9 bits off 255.255.255 would be 255.255.254.0 = /23 = maximum number of clients = 508
10 bits off 255.255.255 would be 255.255.248.0 = /22 = maximum number of clients = 1018
11 bits off 255.255.255 would be 255.255.240.0 = /21 = maximum number of clients = 2036

Am I right in thinking that you can just double the last number of clients available then add 2? Sorry for the boring rubbish above but i'm trying to get my head around it all.

royal

Go read my last post.

mr2nut

royal wrote:

26 leaves 6 bits left. For clients, it's 2n-2. So 34 client bits are left.
27 leaves 5 bits left. for clients, it's 2n-2. So 23 client bits are left. This obviously doesn't satisfy the requirements for 6 servers, 26 clients, and scalability for 5 more users.

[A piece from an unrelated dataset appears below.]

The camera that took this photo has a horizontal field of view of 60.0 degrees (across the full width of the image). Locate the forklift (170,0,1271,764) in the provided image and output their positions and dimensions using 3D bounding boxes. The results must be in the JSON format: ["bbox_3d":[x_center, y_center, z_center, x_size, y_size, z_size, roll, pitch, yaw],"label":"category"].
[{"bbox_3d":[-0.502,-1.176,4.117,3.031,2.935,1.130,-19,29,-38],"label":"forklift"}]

So we know just narrowed down the answer to a or b.

So with a /26 we have a subnet mask of 255.255.255.192
11111111.11111111.11111111.11000000

Taking a look at the last bit, that bit value is in the placement of 64. This means our first subnet will start at 64. Since we're subnetting class C and borrowing 2 subnets from the last octet to work with, we have 2 bits to work with as subnet bits.

11
128 and 64

with subnets, it's 2n. Since we have 2 bits, that's 4 subnets to work with.
00
01
10
11

Our lowest subnet is 64 since it's in the 64 bit position.

So your answer is C.

That's helped me out greatly, I figured out which it was out of the /26 and /27 but couldn't see why you would choose to start the IP range at 64 over 32. I now understand that you go by where the last bit is within the binary calculation i.e. 2nd along so 128-64 = .64 Great stuff buddy, cheers.

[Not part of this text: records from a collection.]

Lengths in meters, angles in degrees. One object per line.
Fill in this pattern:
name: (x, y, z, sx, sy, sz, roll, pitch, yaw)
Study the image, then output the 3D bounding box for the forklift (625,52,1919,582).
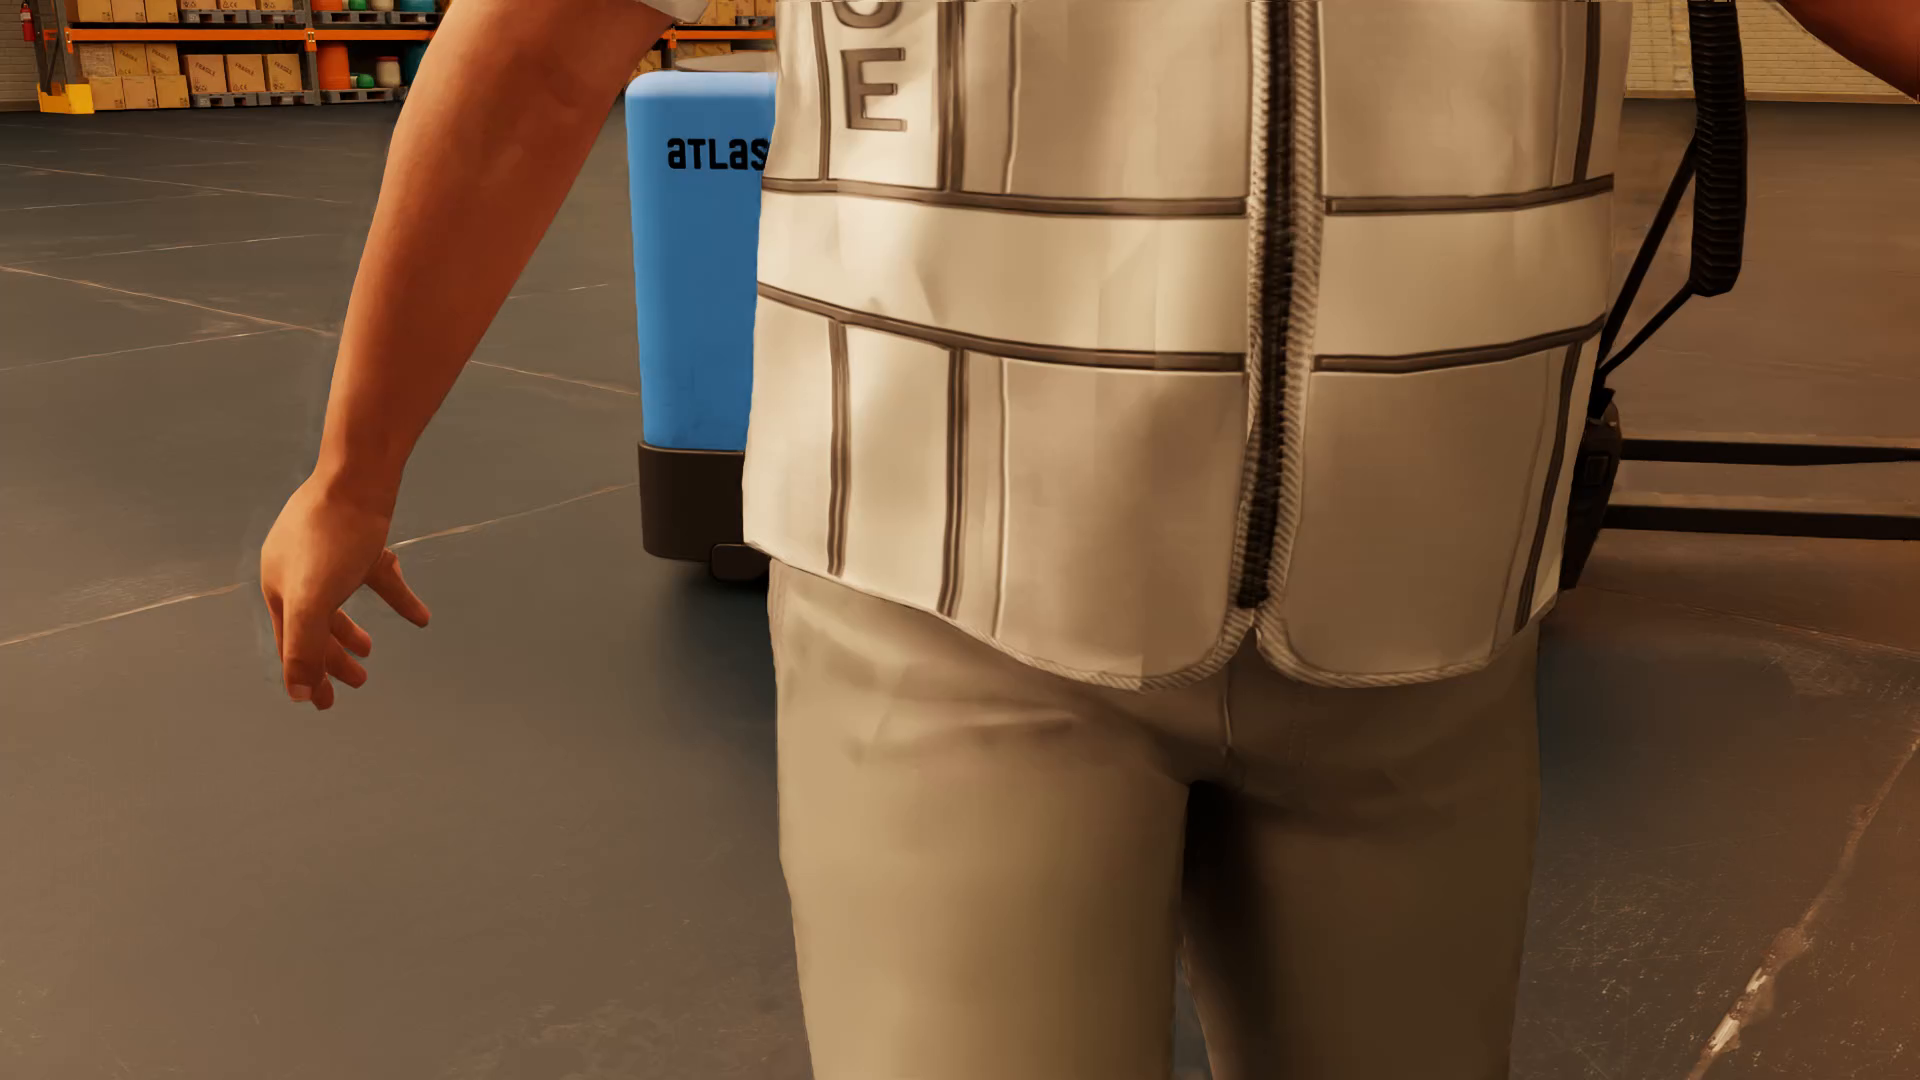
forklift: (0.868, -1.379, 3.437, 3.031, 2.935, 1.130, 3, 17, 8)
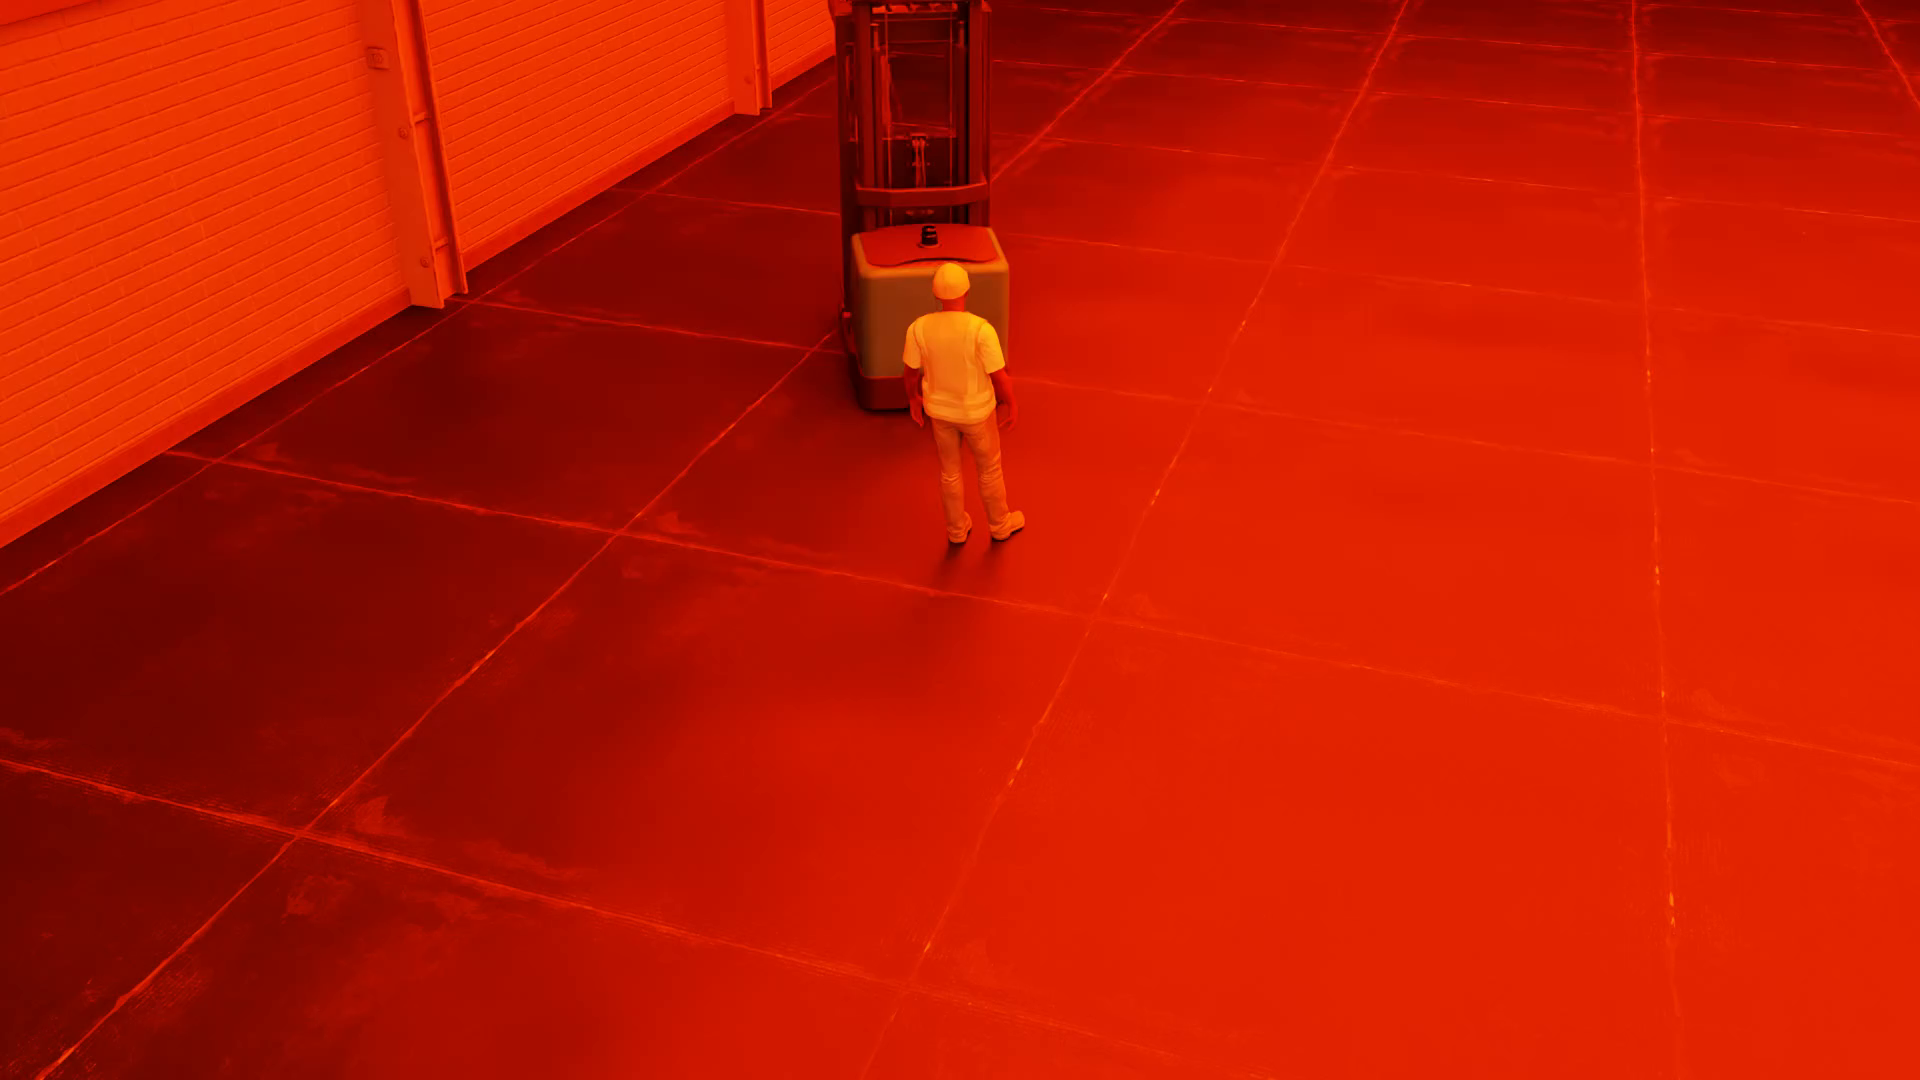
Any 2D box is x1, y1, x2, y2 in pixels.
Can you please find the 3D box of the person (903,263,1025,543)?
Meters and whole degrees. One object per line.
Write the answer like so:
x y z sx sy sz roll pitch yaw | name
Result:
0.028 -0.806 9.711 0.665 1.768 0.575 10 31 16 | person

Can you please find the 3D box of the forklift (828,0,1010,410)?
-0.360 -2.886 12.199 1.130 2.935 3.031 -4 30 -7 | forklift

p.s. what does 2n mean? You'll have to bare with my maths a little, it was a weak subject back at school lol.

mr2nut

royal wrote:

Go read my last post.

I'm such a slow typer, that by the time i'd put my second post up your reply was there. Well, it's either your too quick or i'm too slow :P

royal

2n-n essentially means (2 bits * amount of bits borrowed - 2). Clients cannot use all 0s a .0 host ip or all 1s .255 host ip. Because of that, when calculating the amount of host ips, you do 2n-2. Subnets can use all 1s and all 0s. So you just do 2n (2 * # of bits borrowed).